SUPPLIED MATERIAL below:
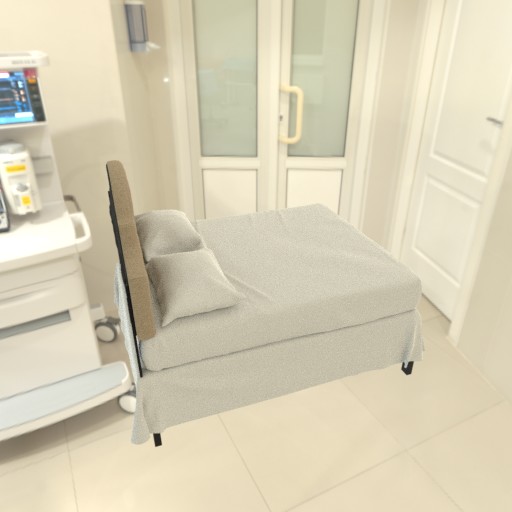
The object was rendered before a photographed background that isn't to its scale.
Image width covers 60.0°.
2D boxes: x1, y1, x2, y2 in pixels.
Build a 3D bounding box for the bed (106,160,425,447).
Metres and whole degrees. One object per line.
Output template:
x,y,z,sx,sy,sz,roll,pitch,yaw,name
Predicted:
0.000,0.000,3.416,2.222,1.634,1.780,-10,30,-17,bed
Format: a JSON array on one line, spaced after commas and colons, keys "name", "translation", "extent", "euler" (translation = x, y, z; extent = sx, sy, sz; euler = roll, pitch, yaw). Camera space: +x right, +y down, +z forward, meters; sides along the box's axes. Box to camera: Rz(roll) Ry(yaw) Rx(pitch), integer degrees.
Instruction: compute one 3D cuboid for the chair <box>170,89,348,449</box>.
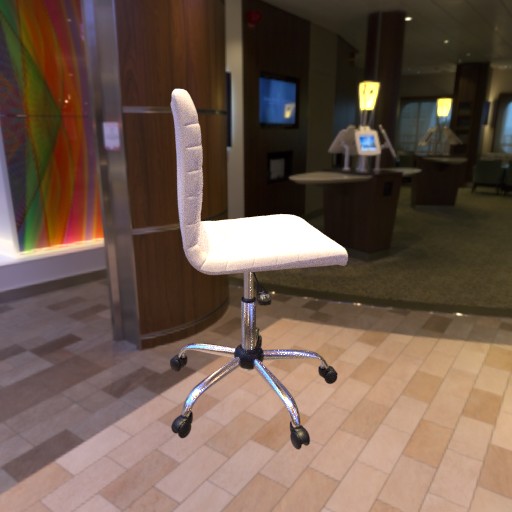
End of SUPPLIED MATERIAL.
Word for word, restate the records shown above, minus the pictures.

▶ _RESULT OF THIS TASK_
The object was rendered before a photographed background that isn't to its scale.
Image width covers 60.0°.
2D boxes: x1, y1, x2, y2 in pixels.
Build a 3D bounding box for the bed (106,160,425,447).
Metres and whole degrees. One object per line.
Output template:
x,y,z,sx,sy,sz,roll,pitch,yaw,name
Predicted:
0.000,0.000,3.416,2.222,1.634,1.780,-10,30,-17,bed
Format: a JSON array on one line, spaced after commas and colons, keys "name", "translation", "extent", "euler" (translation = x, y, z; extent = sx, sy, sz; euler = roll, pitch, yaw). Camera space: +x right, +y down, +z forward, meters; sides along the box's axes. Box to camera: Rz(roll) Ry(yaw) Rx(pitch), integer degrees.
Instruction: compute one 3D cuboid for the chair <box>170,89,348,449</box>.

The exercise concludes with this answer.